Work instructions: Nothing but a number is needed here; count the lines of the listing that include "field".

Data for analysis:
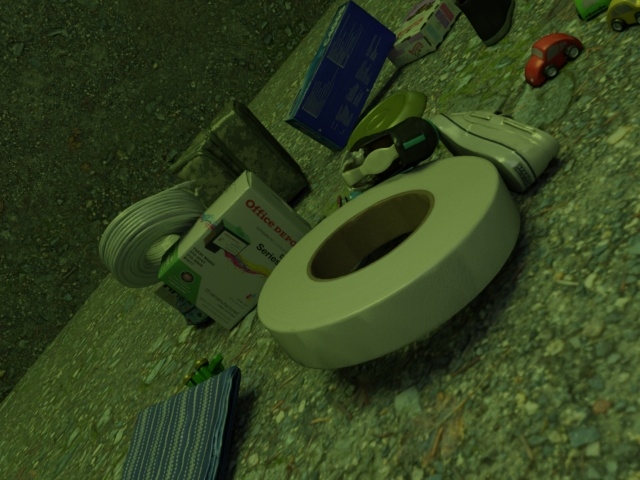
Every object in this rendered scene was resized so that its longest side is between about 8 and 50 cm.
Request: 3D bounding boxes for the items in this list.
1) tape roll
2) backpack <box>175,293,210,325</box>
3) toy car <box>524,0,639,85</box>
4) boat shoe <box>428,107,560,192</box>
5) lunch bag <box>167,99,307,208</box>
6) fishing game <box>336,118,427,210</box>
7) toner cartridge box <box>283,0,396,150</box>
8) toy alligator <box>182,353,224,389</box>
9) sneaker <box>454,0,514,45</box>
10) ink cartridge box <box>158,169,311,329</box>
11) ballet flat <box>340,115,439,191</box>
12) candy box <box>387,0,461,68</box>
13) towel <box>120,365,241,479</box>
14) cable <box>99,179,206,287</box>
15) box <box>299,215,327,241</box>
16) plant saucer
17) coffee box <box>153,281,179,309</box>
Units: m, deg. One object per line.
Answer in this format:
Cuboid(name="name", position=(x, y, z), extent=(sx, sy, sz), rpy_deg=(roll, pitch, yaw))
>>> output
Cuboid(name="tape roll", position=(0.086, 0.016, 0.789), extent=(0.392, 0.072, 0.392), rpy_deg=(-32, 18, 12))
Cuboid(name="backpack", position=(-0.298, 0.118, 1.379), extent=(0.158, 0.117, 0.173), rpy_deg=(-19, 37, 49))
Cuboid(name="toy car", position=(0.441, -0.380, 0.912), extent=(0.239, 0.053, 0.225), rpy_deg=(-26, 32, 43))
Cuboid(name="boat shoe", position=(0.255, -0.158, 0.843), extent=(0.088, 0.096, 0.267), rpy_deg=(-42, 24, 5))
Cuboid(name="lunch bag", position=(-0.216, -0.176, 1.474), extent=(0.256, 0.305, 0.213), rpy_deg=(-40, 21, 10))
Cuboid(name="fishing game", position=(0.119, -0.138, 1.131), extent=(0.264, 0.041, 0.189), rpy_deg=(-39, 22, 24))
Cuboid(name="toner cartridge box", position=(0.053, -0.430, 1.468), extent=(0.348, 0.165, 0.075), rpy_deg=(-64, 24, -6))
Cuboid(name="toy alligator", position=(-0.239, 0.290, 1.088), extent=(0.190, 0.056, 0.051), rpy_deg=(-51, -23, 12))
Cuboid(name="sneaker", position=(0.359, -0.528, 1.218), extent=(0.083, 0.118, 0.222), rpy_deg=(-32, 27, 35))
Cuboid(name="ink cartridge box", position=(-0.177, 0.022, 1.198), extent=(0.278, 0.201, 0.117), rpy_deg=(-44, 23, 10))
Cuboid(name="ballet flat", position=(0.090, -0.140, 0.971), extent=(0.096, 0.095, 0.280), rpy_deg=(-31, 1, -26))
Cuboid(name="candy box", position=(0.281, -0.577, 1.504), extent=(0.196, 0.070, 0.164), rpy_deg=(-57, 24, -19))
Cuboid(name="towel", position=(-0.261, 0.366, 0.955), extent=(0.336, 0.040, 0.243), rpy_deg=(-31, 38, 36))
Cuboid(name="cable", position=(-0.365, 0.001, 1.262), extent=(0.257, 0.089, 0.257), rpy_deg=(-26, -27, -32))
Cuboid(name="box", position=(0.000, 0.000, 1.119), extent=(0.083, 0.018, 0.067), rpy_deg=(-46, 45, 6))
Cuboid(name="plant saucer", position=(0.142, -0.269, 1.303), extent=(0.241, 0.037, 0.241), rpy_deg=(-40, 23, 21))
Cuboid(name="coffee box", position=(-0.340, 0.068, 1.559), extent=(0.246, 0.098, 0.141), rpy_deg=(-37, 25, 27))
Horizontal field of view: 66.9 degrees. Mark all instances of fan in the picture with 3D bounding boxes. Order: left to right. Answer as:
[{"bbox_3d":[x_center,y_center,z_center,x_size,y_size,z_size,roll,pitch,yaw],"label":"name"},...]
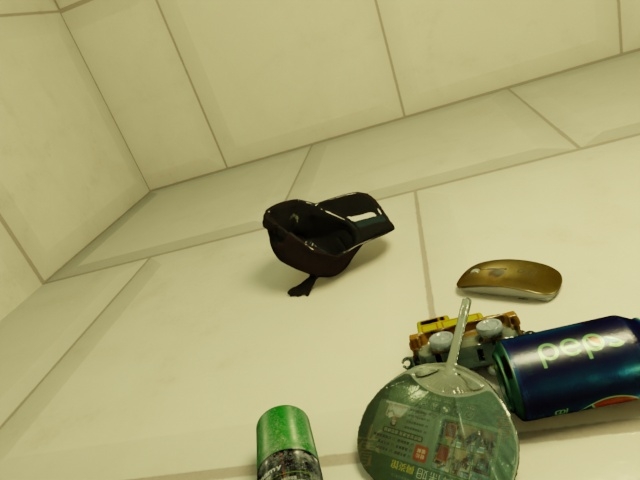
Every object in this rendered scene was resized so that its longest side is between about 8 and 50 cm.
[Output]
[{"bbox_3d":[0.188,0.240,0.674,0.294,0.012,0.223,-45,42,-6],"label":"fan"}]

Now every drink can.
[{"bbox_3d":[0.355,0.176,0.677,0.205,0.118,0.118,-17,24,10],"label":"drink can"}]

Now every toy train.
[{"bbox_3d":[0.242,0.171,0.814,0.220,0.089,0.127,-16,14,10],"label":"toy train"}]

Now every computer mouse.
[{"bbox_3d":[0.371,0.075,0.967,0.199,0.044,0.102,4,30,41],"label":"computer mouse"}]

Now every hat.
[{"bbox_3d":[0.019,0.015,1.269,0.337,0.208,0.238,-7,42,-16],"label":"hat"}]

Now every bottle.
[{"bbox_3d":[-0.033,0.354,0.624,0.093,0.093,0.330,-20,24,-1],"label":"bottle"}]
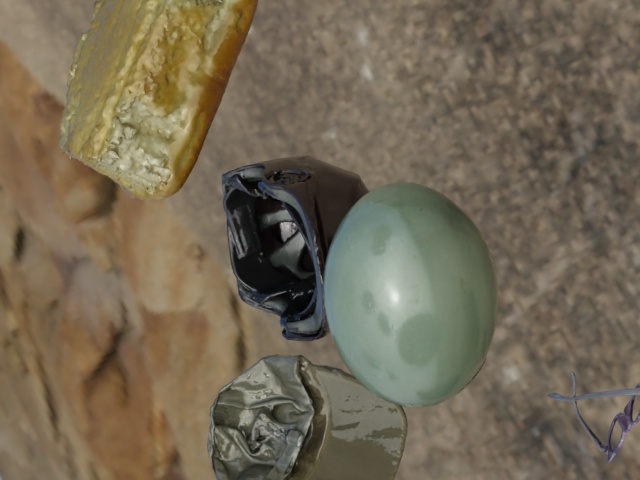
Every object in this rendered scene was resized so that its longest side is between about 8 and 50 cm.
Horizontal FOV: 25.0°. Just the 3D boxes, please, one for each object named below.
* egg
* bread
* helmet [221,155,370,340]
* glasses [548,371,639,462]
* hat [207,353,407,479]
[{"bbox_3d":[0.105,0.066,1.679,0.203,0.203,0.282,35,141,55],"label":"egg"},{"bbox_3d":[-0.151,-0.163,1.349,0.121,0.245,0.174,25,177,-36],"label":"bread"},{"bbox_3d":[0.000,0.000,1.906,0.305,0.177,0.225,31,130,53],"label":"helmet"},{"bbox_3d":[0.349,0.218,1.853,0.140,0.104,0.062,112,172,-48],"label":"glasses"},{"bbox_3d":[-0.022,0.274,1.963,0.245,0.214,0.149,25,171,-33],"label":"hat"}]
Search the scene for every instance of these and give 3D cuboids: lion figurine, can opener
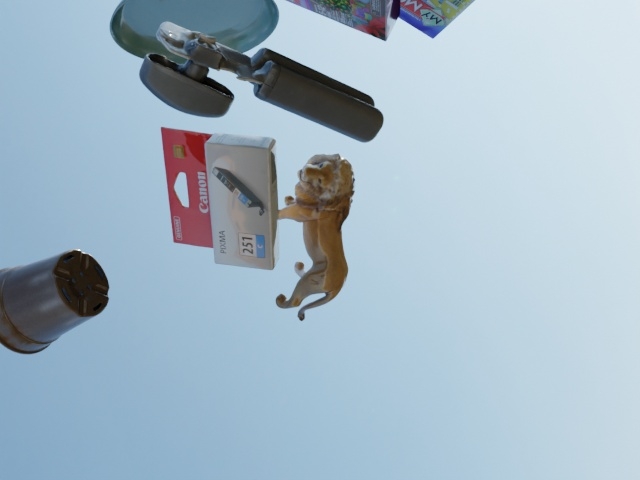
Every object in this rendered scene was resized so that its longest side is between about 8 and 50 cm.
[{"bbox_3d":[0.000,0.000,1.704,0.142,0.240,0.392,-22,-75,-48],"label":"lion figurine"},{"bbox_3d":[-0.065,-0.167,0.858,0.284,0.076,0.095,19,-61,-28],"label":"can opener"}]

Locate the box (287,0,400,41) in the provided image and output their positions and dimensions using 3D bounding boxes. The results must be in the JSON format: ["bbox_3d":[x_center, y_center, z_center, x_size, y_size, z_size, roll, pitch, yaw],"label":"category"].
[{"bbox_3d":[0.015,-0.403,1.067,0.057,0.201,0.293,-64,-9,-6],"label":"box"}]

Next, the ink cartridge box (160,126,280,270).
[{"bbox_3d":[-0.222,-0.087,1.604,0.066,0.261,0.296,-65,-21,-56],"label":"ink cartridge box"}]

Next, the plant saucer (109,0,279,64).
[{"bbox_3d":[-0.238,-0.424,1.412,0.318,0.318,0.043,5,-108,-52],"label":"plant saucer"}]

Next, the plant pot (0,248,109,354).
[{"bbox_3d":[-0.479,0.099,1.328,0.167,0.165,0.167,45,-147,-39],"label":"plant pot"}]

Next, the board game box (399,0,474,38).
[{"bbox_3d":[0.115,-0.471,1.198,0.317,0.213,0.046,26,-116,-16],"label":"board game box"}]
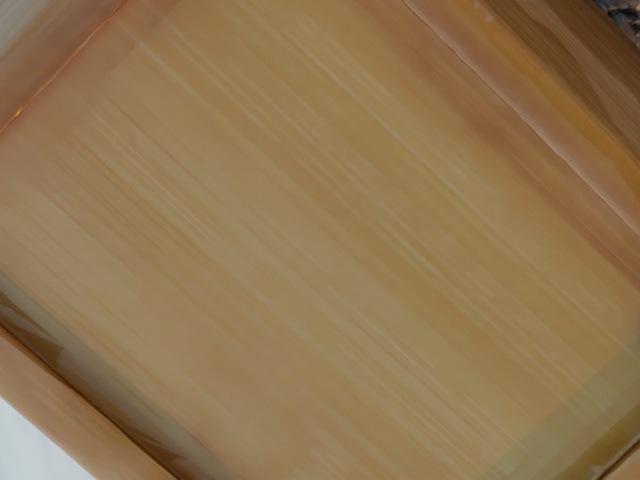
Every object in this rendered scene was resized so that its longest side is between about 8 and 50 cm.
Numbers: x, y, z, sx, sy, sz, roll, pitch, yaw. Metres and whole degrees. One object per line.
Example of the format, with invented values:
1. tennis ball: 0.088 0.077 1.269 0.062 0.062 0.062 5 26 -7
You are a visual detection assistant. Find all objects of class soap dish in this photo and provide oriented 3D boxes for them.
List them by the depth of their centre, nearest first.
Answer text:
1. soap dish: 0.000 0.000 0.637 0.291 0.229 0.118 43 -170 -14

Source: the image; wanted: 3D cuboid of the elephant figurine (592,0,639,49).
1. elephant figurine: 0.147 -0.132 0.823 0.186 0.239 0.169 46 -172 -17
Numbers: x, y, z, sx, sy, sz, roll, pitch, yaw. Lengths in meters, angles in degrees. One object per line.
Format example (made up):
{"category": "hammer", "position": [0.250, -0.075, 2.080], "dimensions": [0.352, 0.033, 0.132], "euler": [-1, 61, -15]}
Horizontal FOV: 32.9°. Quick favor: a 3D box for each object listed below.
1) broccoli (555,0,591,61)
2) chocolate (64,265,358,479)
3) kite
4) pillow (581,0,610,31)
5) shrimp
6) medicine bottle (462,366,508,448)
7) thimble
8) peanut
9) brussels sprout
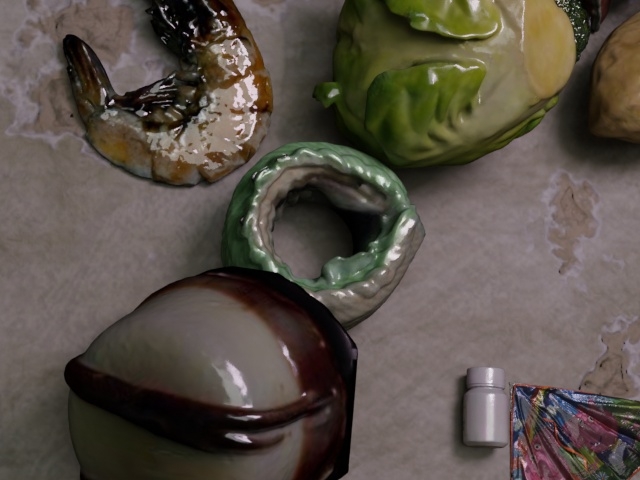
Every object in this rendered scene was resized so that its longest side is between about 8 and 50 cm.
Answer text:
{"category": "broccoli", "position": [0.264, -0.270, 1.339], "dimensions": [0.138, 0.146, 0.162], "euler": [0, 89, 21]}
{"category": "chocolate", "position": [-0.116, 0.175, 1.062], "dimensions": [0.284, 0.186, 0.283], "euler": [3, 101, 17]}
{"category": "kite", "position": [0.296, 0.257, 1.265], "dimensions": [0.321, 0.016, 0.234], "euler": [-39, 86, -17]}
{"category": "pillow", "position": [0.335, -0.370, 1.353], "dimensions": [0.075, 0.171, 0.179], "euler": [-9, 79, 12]}
{"category": "shrimp", "position": [-0.201, -0.232, 1.273], "dimensions": [0.233, 0.071, 0.365], "euler": [-29, 88, -11]}
{"category": "medicine bottle", "position": [0.189, 0.192, 1.242], "dimensions": [0.052, 0.052, 0.089], "euler": [5, 75, -9]}
{"category": "thimble", "position": [0.000, 0.000, 1.205], "dimensions": [0.219, 0.150, 0.219], "euler": [2, 75, -9]}
{"category": "peanut", "position": [0.478, -0.241, 1.334], "dimensions": [0.387, 0.192, 0.169], "euler": [-36, 100, -18]}
{"category": "brussels sprout", "position": [0.127, -0.210, 1.218], "dimensions": [0.294, 0.227, 0.259], "euler": [0, 90, 32]}
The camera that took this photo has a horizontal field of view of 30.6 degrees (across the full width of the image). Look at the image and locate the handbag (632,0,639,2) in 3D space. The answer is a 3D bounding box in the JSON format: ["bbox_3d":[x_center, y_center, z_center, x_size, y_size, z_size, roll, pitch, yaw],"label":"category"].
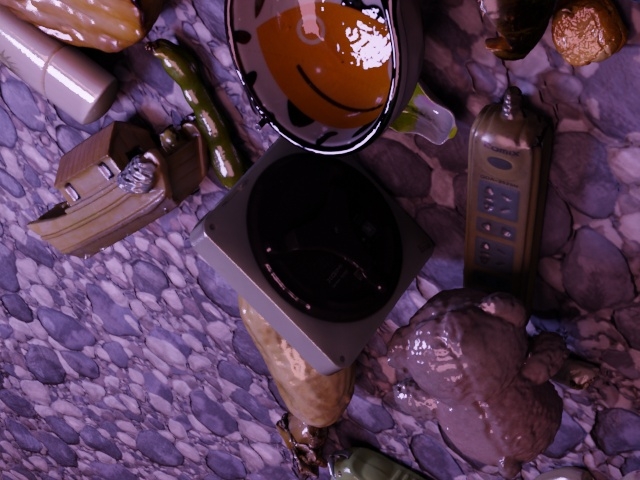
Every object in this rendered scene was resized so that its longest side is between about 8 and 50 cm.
[{"bbox_3d":[0.282,-0.355,1.085,0.229,0.062,0.179,42,139,-3],"label":"handbag"}]

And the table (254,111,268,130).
[{"bbox_3d":[-0.045,-0.187,1.503,0.070,0.082,0.083,17,136,26],"label":"table"}]

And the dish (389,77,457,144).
[{"bbox_3d":[0.113,-0.172,1.422,0.137,0.039,0.091,32,139,12],"label":"dish"}]

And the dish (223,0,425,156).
[{"bbox_3d":[0.022,-0.245,1.329,0.303,0.120,0.303,23,126,37],"label":"dish"}]

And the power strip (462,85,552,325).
[{"bbox_3d":[0.227,-0.029,1.449,0.092,0.066,0.388,18,137,22],"label":"power strip"}]

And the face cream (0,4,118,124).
[{"bbox_3d":[-0.443,-0.293,1.713,0.348,0.081,0.173,37,166,3],"label":"face cream"}]

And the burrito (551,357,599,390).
[{"bbox_3d":[0.289,0.159,1.605,0.185,0.041,0.045,22,180,21],"label":"burrito"}]

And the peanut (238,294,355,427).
[{"bbox_3d":[-0.028,0.148,1.789,0.147,0.147,0.319,1,123,39],"label":"peanut"}]

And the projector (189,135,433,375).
[{"bbox_3d":[0.000,0.000,1.508,0.259,0.257,0.079,46,143,-8],"label":"projector"}]

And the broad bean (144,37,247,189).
[{"bbox_3d":[-0.164,-0.177,1.638,0.052,0.052,0.256,29,151,60],"label":"broad bean"}]

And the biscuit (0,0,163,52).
[{"bbox_3d":[-0.337,-0.366,1.515,0.296,0.102,0.296,21,156,10],"label":"biscuit"}]

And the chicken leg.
[{"bbox_3d":[-0.029,0.352,2.021,0.196,0.080,0.125,113,143,-71],"label":"chicken leg"}]

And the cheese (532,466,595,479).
[{"bbox_3d":[0.342,0.388,1.788,0.192,0.037,0.097,-14,116,46],"label":"cheese"}]

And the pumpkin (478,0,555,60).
[{"bbox_3d":[0.176,-0.283,1.197,0.183,0.119,0.107,43,131,-2],"label":"pumpkin"}]

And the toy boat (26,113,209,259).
[{"bbox_3d":[-0.332,-0.080,1.812,0.162,0.136,0.445,54,141,-9],"label":"toy boat"}]

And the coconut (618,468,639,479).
[{"bbox_3d":[0.465,0.413,1.537,0.230,0.227,0.227,10,153,-28],"label":"coconut"}]

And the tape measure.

Reply to the exercise: 2